Wallenberg, el aristócrata sueco enviado por el rey Gustavo V para colaborar en la salvación de judíos, es considerado internacionalmente como un verdadero héroe. Sobre él se han hecho varias películas, se han escrito numerosos libros, y continúan recayendo homenajes. Su incierto pero sin duda alguna trágico final ha contribuido a agrandar su figura adornada de dones tan poco comunes como la generosidad, el arrojo y la dedicación a los demás.

Monseñor Angelo Rotta, el nuncio apostólico que encabezaría siempre la firmeza diplomática con que las potencias neutrales plantaron cara a la persecución judía, también permaneció en Budapest hasta el final de la guerra. Luego regresó al Vaticano y pasó el resto de su vida activa en un oscuro puesto burocrático en la Secretaría de Estado. Nunca hubo explicación sobre su alejamiento del servicio exterior. El ostracismo a que fue sometido en la Santa Sede, donde su valerosa actitud en Hungría siempre pasó inadvertida, fue compensado ya tras su muerte por los reconocimientos que tanto las colectividades judías en distintos países como los gobiernos de Hungría e Israel le dispensaron.

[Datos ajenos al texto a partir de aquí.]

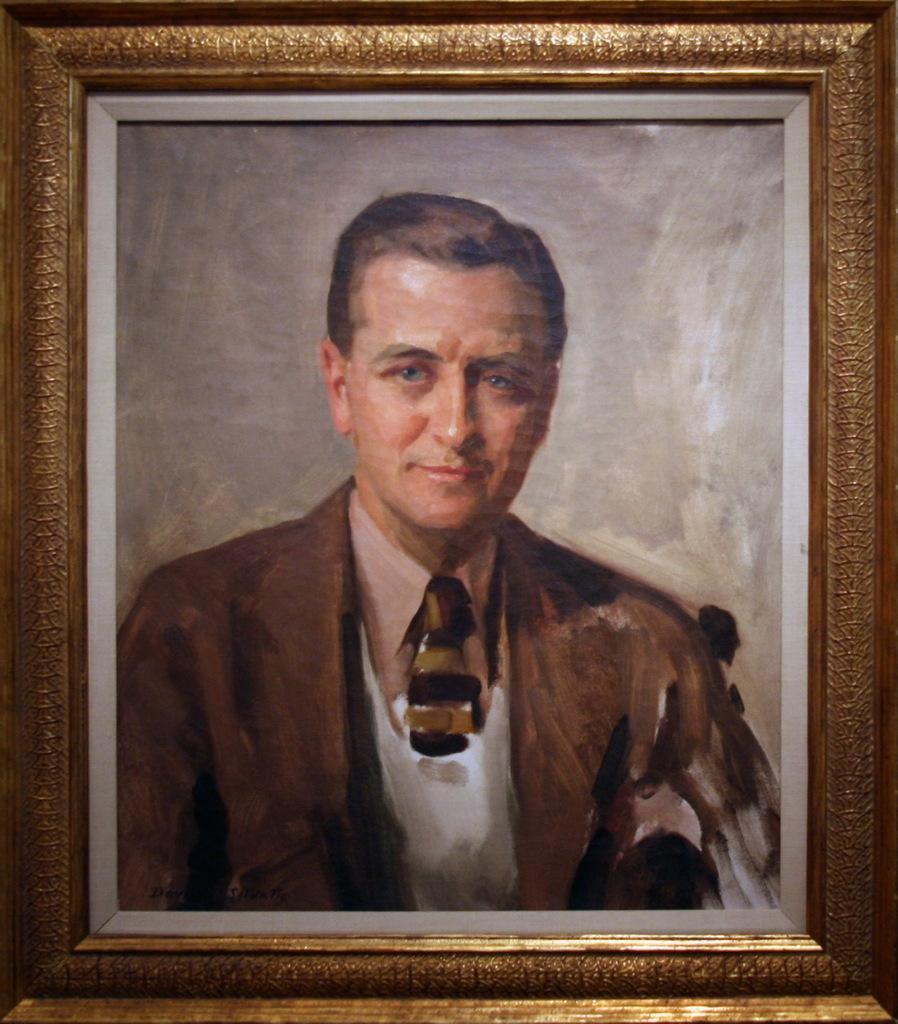Describe this image in one or two sentences. This looks like a photo frame. I can see the painting of the man smiling. This is the golden color frame. 
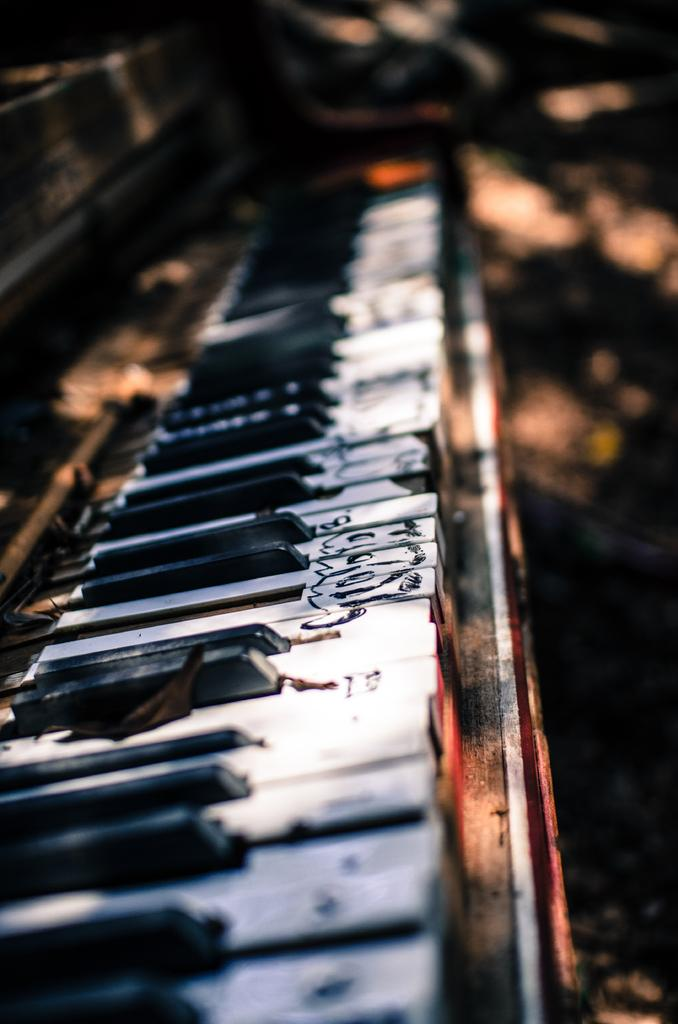What musical instrument can be seen in the image? There is a piano in the image. What type of natural material is present in the image? Dry leaves are present in the image. What type of silver record can be seen on the piano in the image? There is no silver record present on the piano in the image; only a piano and dry leaves are visible. 
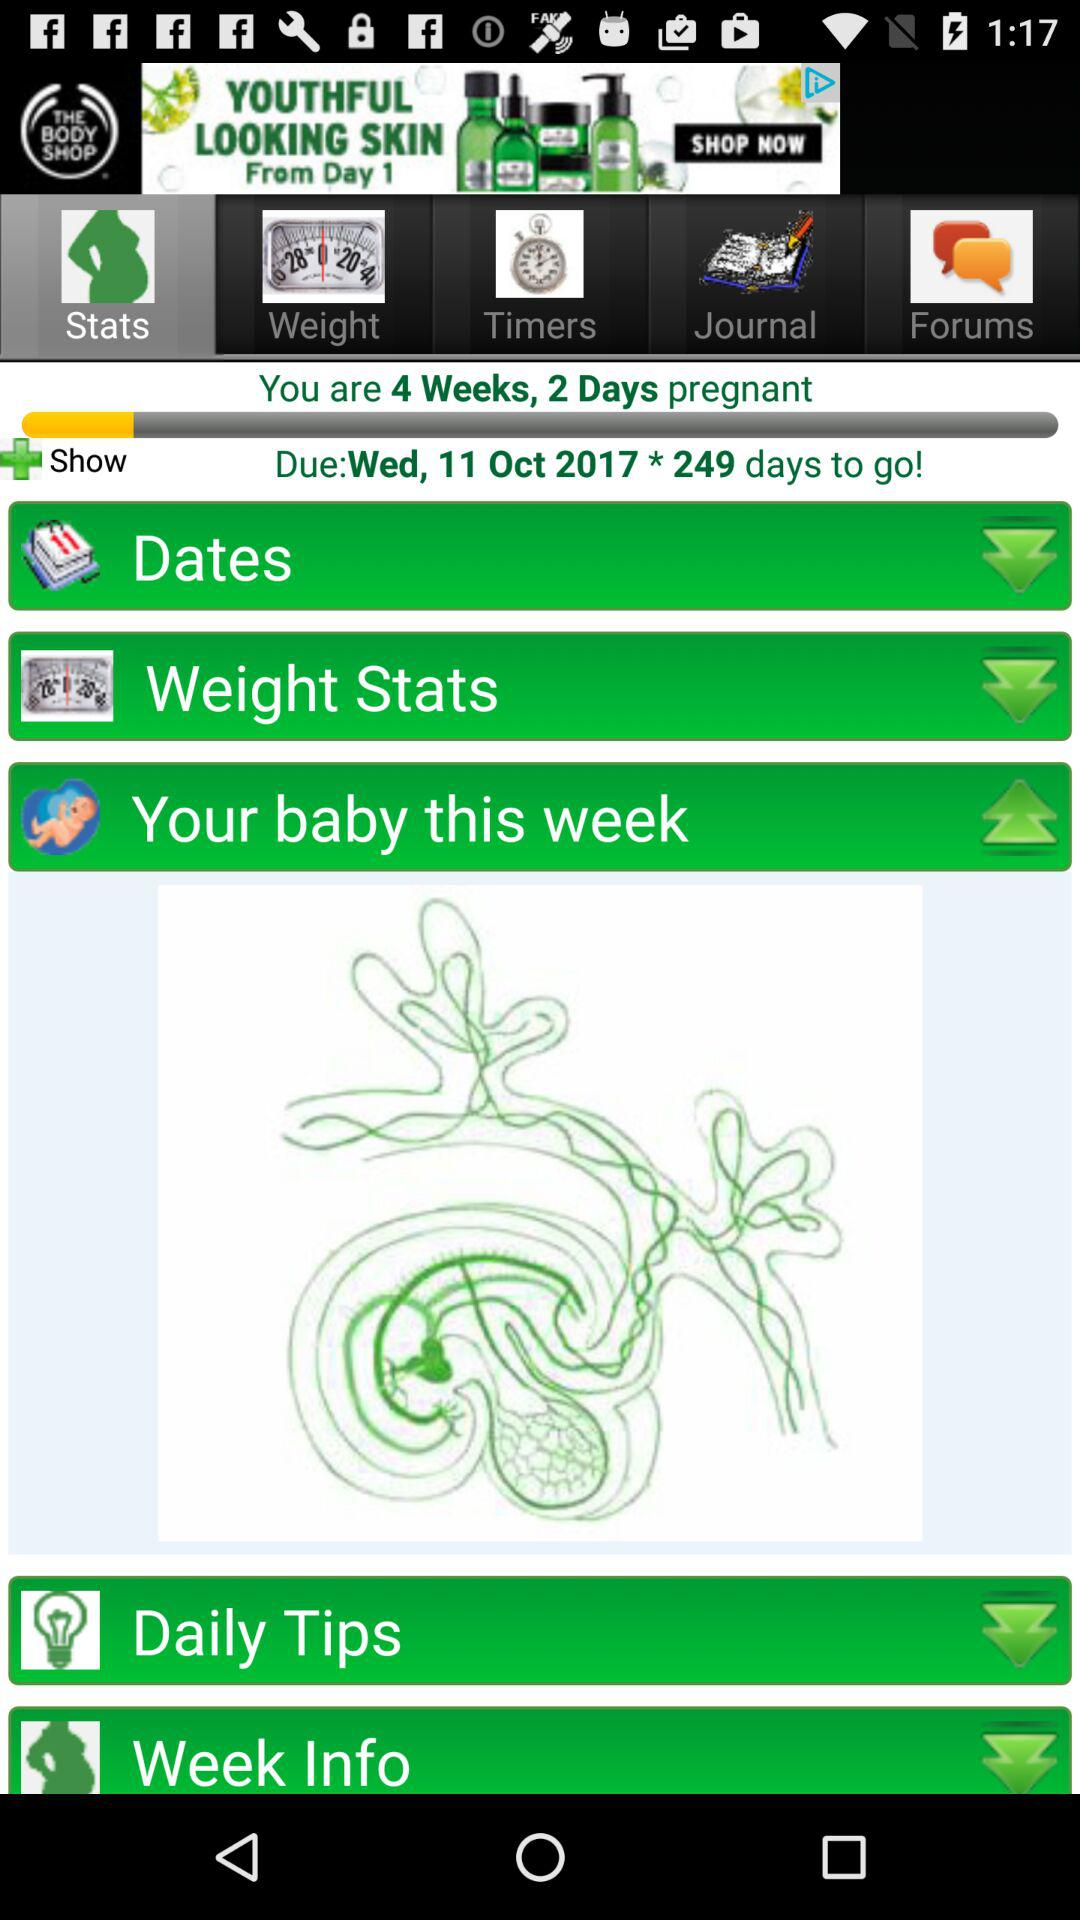How many days am I pregnant? You are 2 days pregnant.

Miklós Horthy, el tantos años regente, fue trasladado con su familia a Baviera e instalado en una confortable residencia donde permaneció en libertad vigilada hasta el final de la guerra. Luego fue juzgado en Nuremberg por los aliados pero salió libre de cargos. En su favor influyó haber intentado en varias ocasiones pactar un final anticipado para la guerra. Nunca volvió a Hungría donde los comunistas le odiaban. El resto de su vida lo pasó como exiliado en Estoril (Portugal) donde murió en 1957. Su hijo Miklós, una vez desenvuelta la alfombra con que había sido secuestrado, fue trasladado a un cuartel alemán y de allí al campo de concentración de Mauthausen, donde se encontró con Kállay, el primer ministro de su padre depuesto a raíz de la entrada de las tropas nazis en Hungría. Ilona, la viuda de István, volvió a casarse con un militar inglés y el matrimonio vive en Portugal.

Edmund Veesenmayer, plenipotenciario del Reich, fue juzgado en Nuremberg y condenado a veinte años de prisión. Apenas cumplió siete. El sturmbannführer Adolf Eichmann huyó de Alemania al final de la guerra lo que le permitió librarse de comparecer ante el tribunal de Nuremberg. Se refugió en Argentina donde fue secuestrado en 1960 por un comando los servicios secretos israelíes, trasladado clandestinamente a Tel Aviv, juzgado en medio de una gran expectación internacional y ejecutado en 1962.

Ferenc Szálasi, el iluminado presidente que consintió e impulsó todos los desmanes cometidos por sus seguidores y por los alemanes bajo su Gobierno, fue detenido por las tropas aliadas y entregado a las nuevas autoridades húngaras. Nadie salió en su defensa Sometído a juicio junto a otros miembros de su Gabinete por crímenes de guerra, fue condenado a muerte y ejecutado en 1946. Su fotografía colgando de la horca dio la vuelta al mundo. Hoy en Hungría, ni siquiera los más activos militantes de la extrema derecha magiar asumen haber pertenecido al tristemente histórico Nyilas Keresztes Mozgalom, o si se prefiere Pfeilkreuzler, el partido de los tristemente célebres nyilas cuyo emblema, copiado de la venerada corona de San Esteban, unido al fanatismo de sus portadores, tanto dolor y tanto terror provocó.